### EXERCISE AIM
The entries shown here must be retyped in full, with no pictures included.

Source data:

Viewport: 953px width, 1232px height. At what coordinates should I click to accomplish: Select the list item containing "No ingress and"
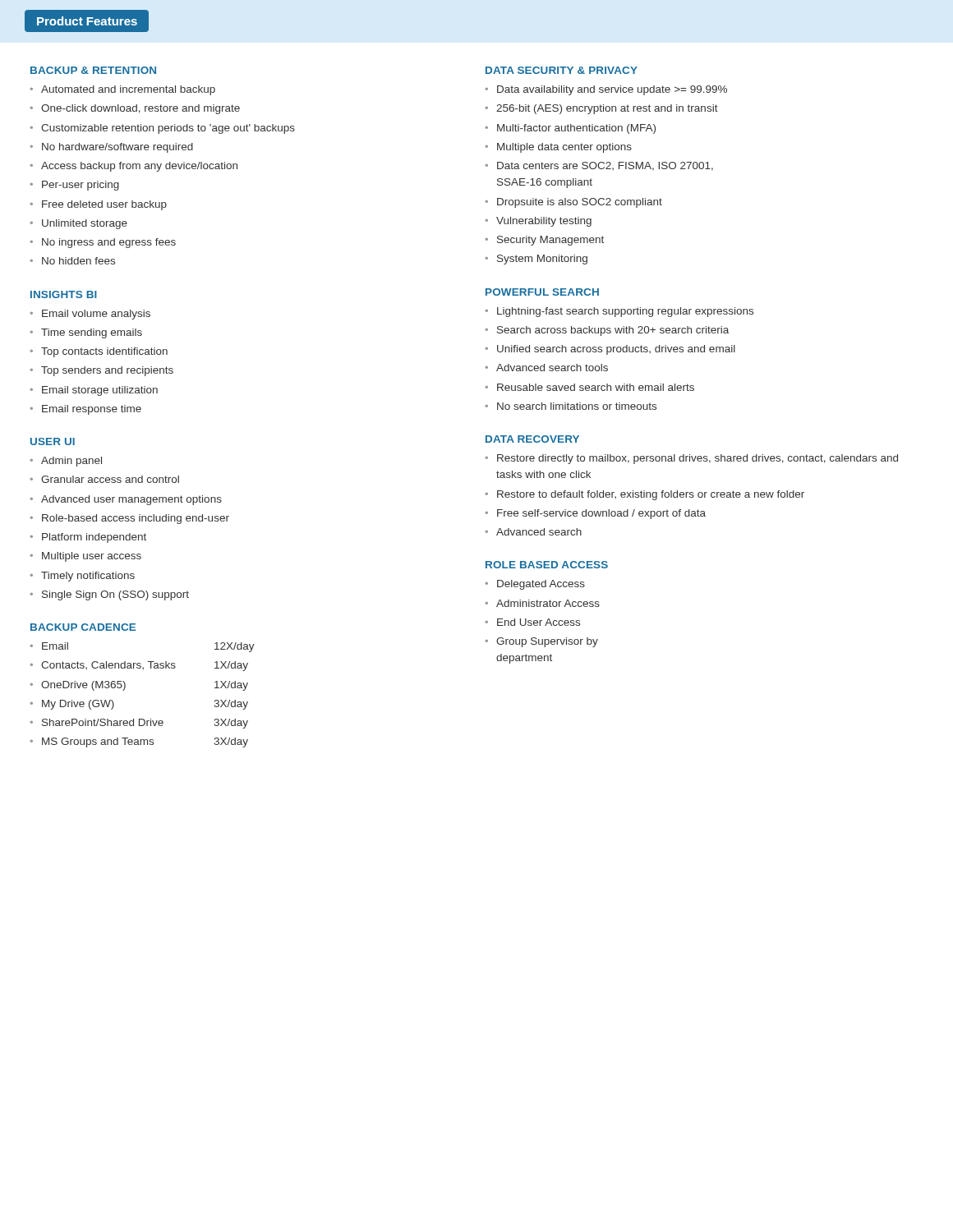pos(109,242)
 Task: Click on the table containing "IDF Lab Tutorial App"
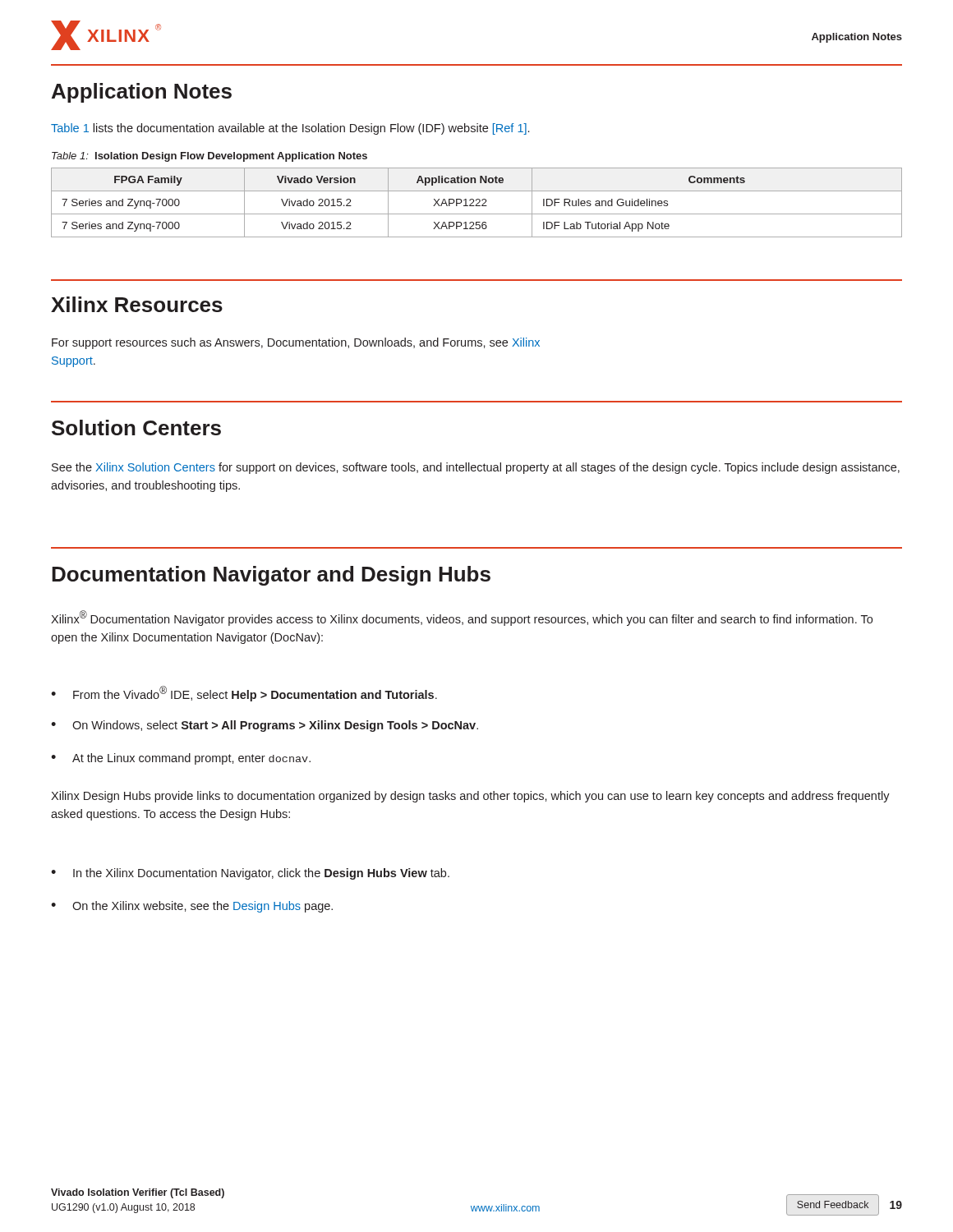tap(476, 202)
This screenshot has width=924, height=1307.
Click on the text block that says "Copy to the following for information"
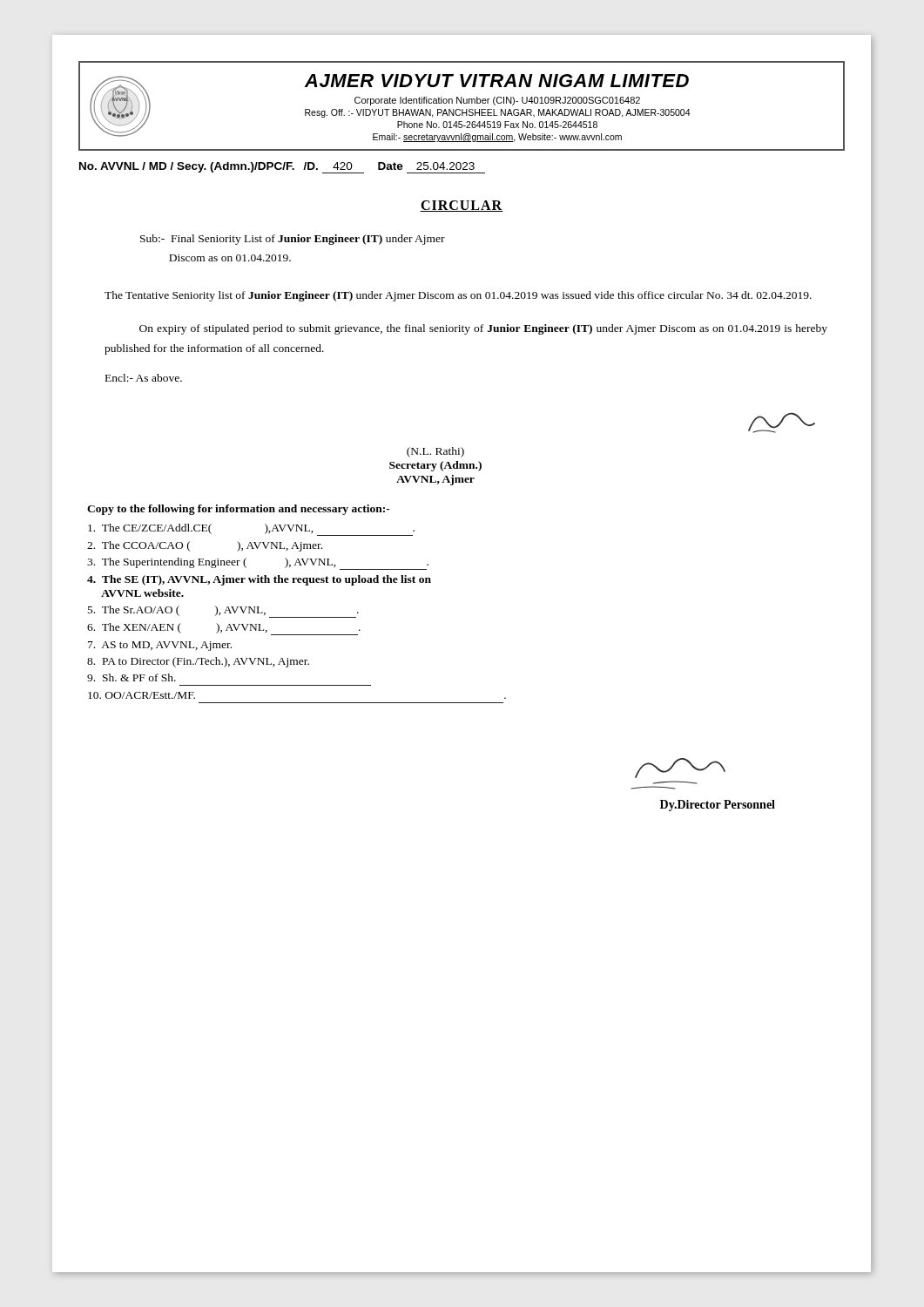[239, 509]
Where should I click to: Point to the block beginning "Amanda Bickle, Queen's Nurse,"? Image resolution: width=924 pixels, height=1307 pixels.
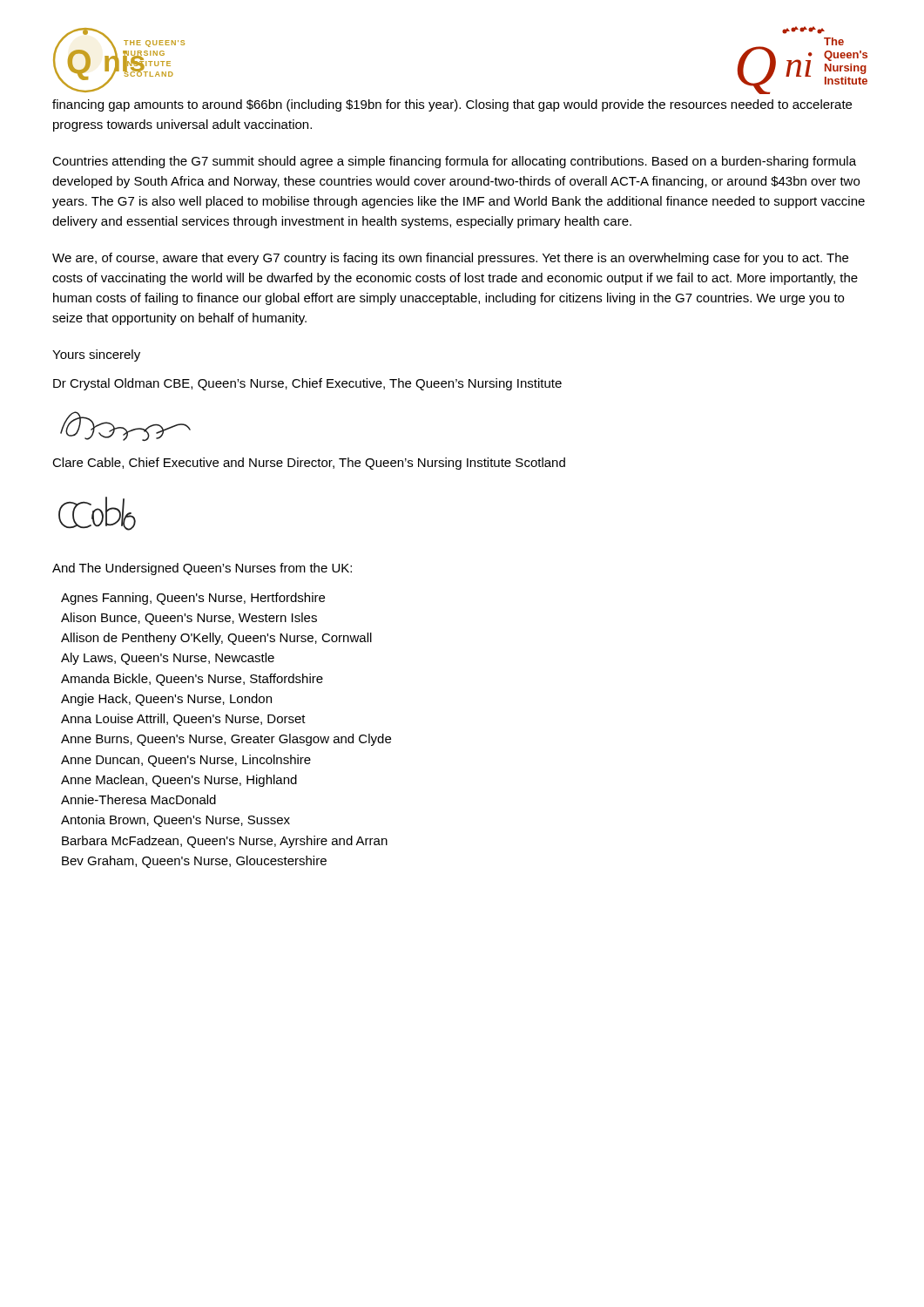(192, 678)
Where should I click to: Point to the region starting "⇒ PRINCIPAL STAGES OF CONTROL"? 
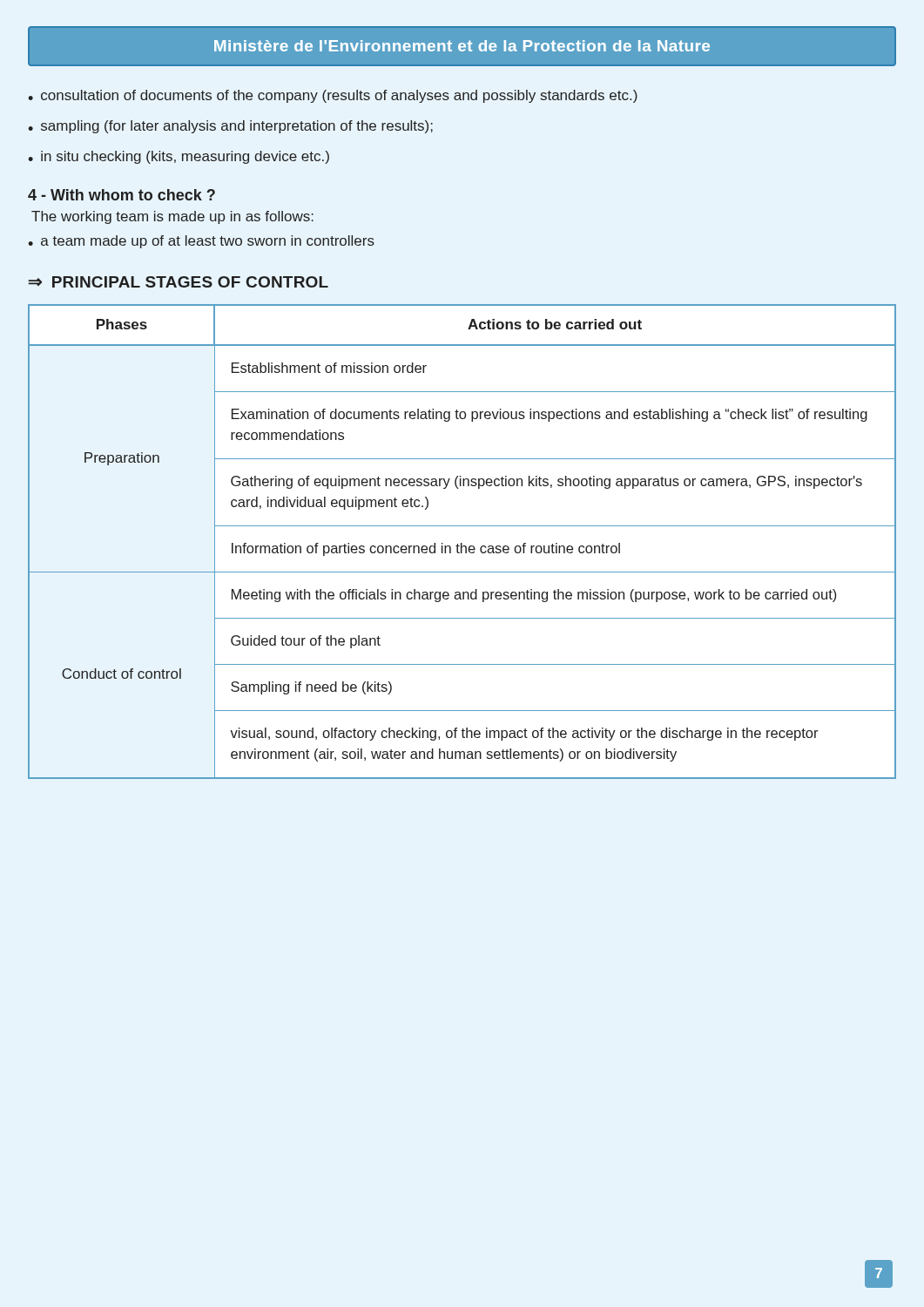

### YOUR SOLUTION
Viewport: 953px width, 1232px height. At what coordinates should I click to accomplish: Select the list item containing "No ingress and"
pos(109,242)
 Task: Click on the table containing "IDF Lab Tutorial App"
tap(476, 202)
This screenshot has width=924, height=1307.
Click on the text block that says "Copy to the following for information"
[239, 509]
Where should I click to: Point to the block beginning "Amanda Bickle, Queen's Nurse,"? Image resolution: width=924 pixels, height=1307 pixels.
(192, 678)
Where should I click to: Point to the region starting "⇒ PRINCIPAL STAGES OF CONTROL"? 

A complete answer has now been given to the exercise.